We have reported a methodology—termed auto tiny classifiers—to automatically generate classification circuits from tabular data. We identified a connection between graph-based genetic programming and classification problems in ML and developed an evolutionary approach to generate tiny classifier circuits composed of a small number of logic gates (less than 300 gates), which are capable of matching the performance of the state-of-the-art ML techniques. We evaluated the autogenerated tiny classifiers across datasets and reported the synthesis results and ML baselines designed in an ASIC in 45 nm silicon technology, showing improvements in area and power. We have also implemented tiny classifiers and XGBoost (smallest ML baseline) as flexible chips using the 0.8 μm FlexIC thin-film transistor process technology. The full chip implementation results showed that the tiny classifiers could be clocked 2–3 times faster, were 10–75 times smaller and consumed lower power than XGBoost. The tiny classifiers are also six times cheaper to produce compared with XGBoost when fabricated as flexible chips.

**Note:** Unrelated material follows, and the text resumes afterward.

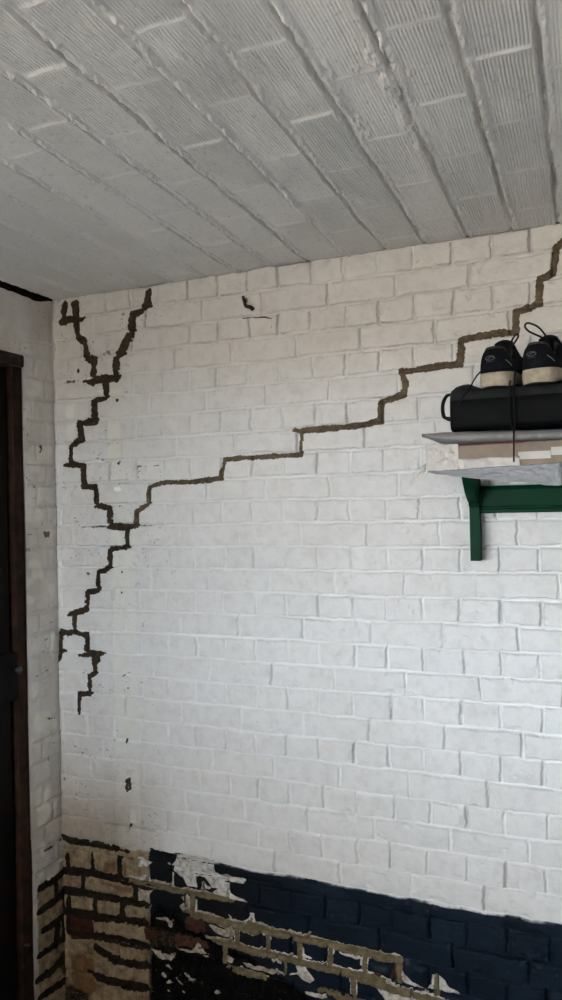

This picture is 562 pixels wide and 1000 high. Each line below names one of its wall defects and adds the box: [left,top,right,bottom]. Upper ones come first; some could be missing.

crack [0,238,562,715]
peeling [127,854,460,1000]

Our methodology aims to generate classifier circuits for tabular data, but it is not—in principle—limited to tabular data. Work on recurrent-graph-based genetic programming⁵¹ indicates the general applicability of the evolutionary approach to other forms of data, such as time-series data. Our tiny classifiers could be integrated as tightly coupled functional units or co-processors, or become loosely coupled hardware accelerators. Their smaller footprint and low power consumption make them attractive for near-sensor computing and emerging smart package applications.